Why not re-use the work of others - for example, from RegExpLib.com?
My second suggestion is to remember there are other countries besides the USA, and quite a few of them have telephones ;-) Please don't forget us during your software development.
Also, there is a standard for the formatting of telephone numbers; the ITU's E.123. My recollection of the standard was that what it describes doesn't match well with popular usage.
Edit: I mixed up G.123 and E.123. Oops. Props Bortzmeyer
First off, reliably capturing phone numbers with a single regular expression is notoriously difficult with a strong tendency to being impossible. Not every country has a definition of a "phone number" that is as narrow as it is in the U.S. Even in the U.S., things are more complicated than they seem (from the Wikipedia article on the North American Numbering Plan):
A) Country code: optional prefix ("1" or "+1" or "001")
((00|\+)?1)?
B) Numbering Plan Area code (NPA): cannot begin with 1, digit 2 cannot be 9
[2-9][0-8][0-9]
C) Exchange code (NXX): cannot begin with 1, cannot end with "11", optional parentheses
\(?[2-9](00|[2-9]{2})\)?
D) Station Code: four digits, cannot all be 0 (I suppose)
(?!0{4})\d{4}
E) an optional extension may follow
([x#-]\d+)?
S) parts of the number are separated by spaces, dashes, dots (or not)
[. -]?
So, the basic regex for the U.S. would be:
((00|\+)?1[. -]?)?\(?[2-9][0-8][0-9]\)?[. -]?[2-9](00|[2-9]{2})[. -]?(?!0{4})\d{4}([. -]?[x#-]\d+)?

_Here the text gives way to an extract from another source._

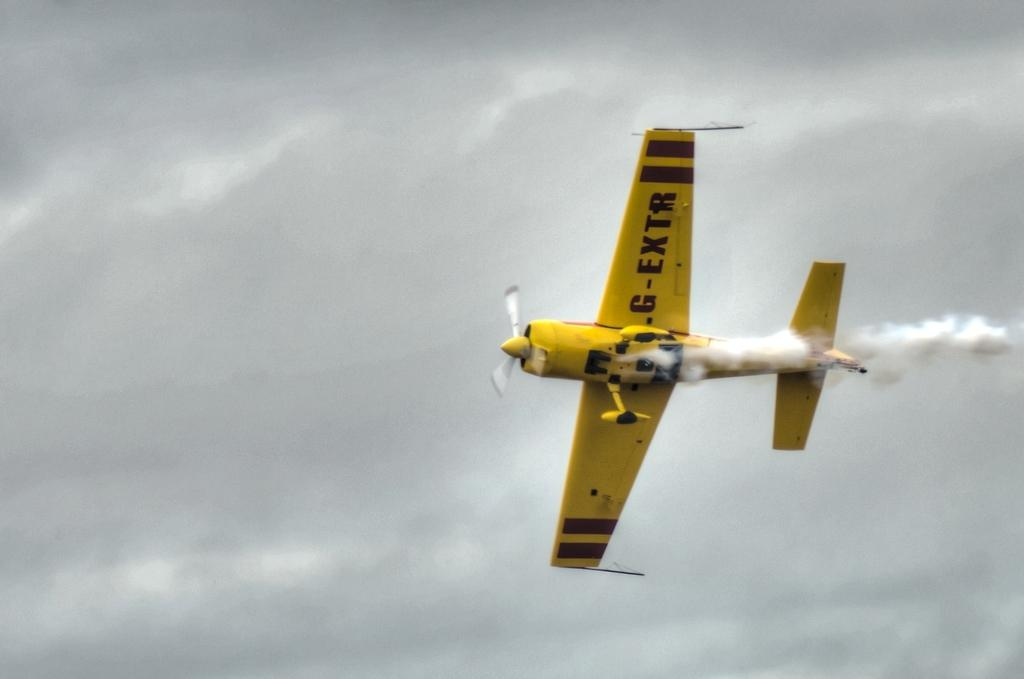What is the main subject of the image? The main subject of the image is an aircraft. What is the aircraft doing in the image? The aircraft is flying in the air. What can be seen coming from the aircraft in the image? There is smoke visible in the image. What is visible in the background of the image? The sky is visible in the background of the image. What type of wool can be seen on the aircraft's wheels in the image? There are no wheels or wool present in the image; it features an aircraft flying in the air with smoke visible.

| A |S | | B | S | C | S | D | S | E |
And that's just for the relatively trivial numbering plan of the U.S., and even there it certainly is not covering all subtleties. If you want to make it reliable you have to develop a similar beast for all expected input languages.
A few things that will clean up your existing regex without really changing the functionality:
Replace {0,1} with ?, [(] with (, [)] with ). You also might as well just make your [2-9] b e a \d as well, so you can make those patterns be \d{3} and \d{4} for the last part. I doubt it will really increase the rate of false positives.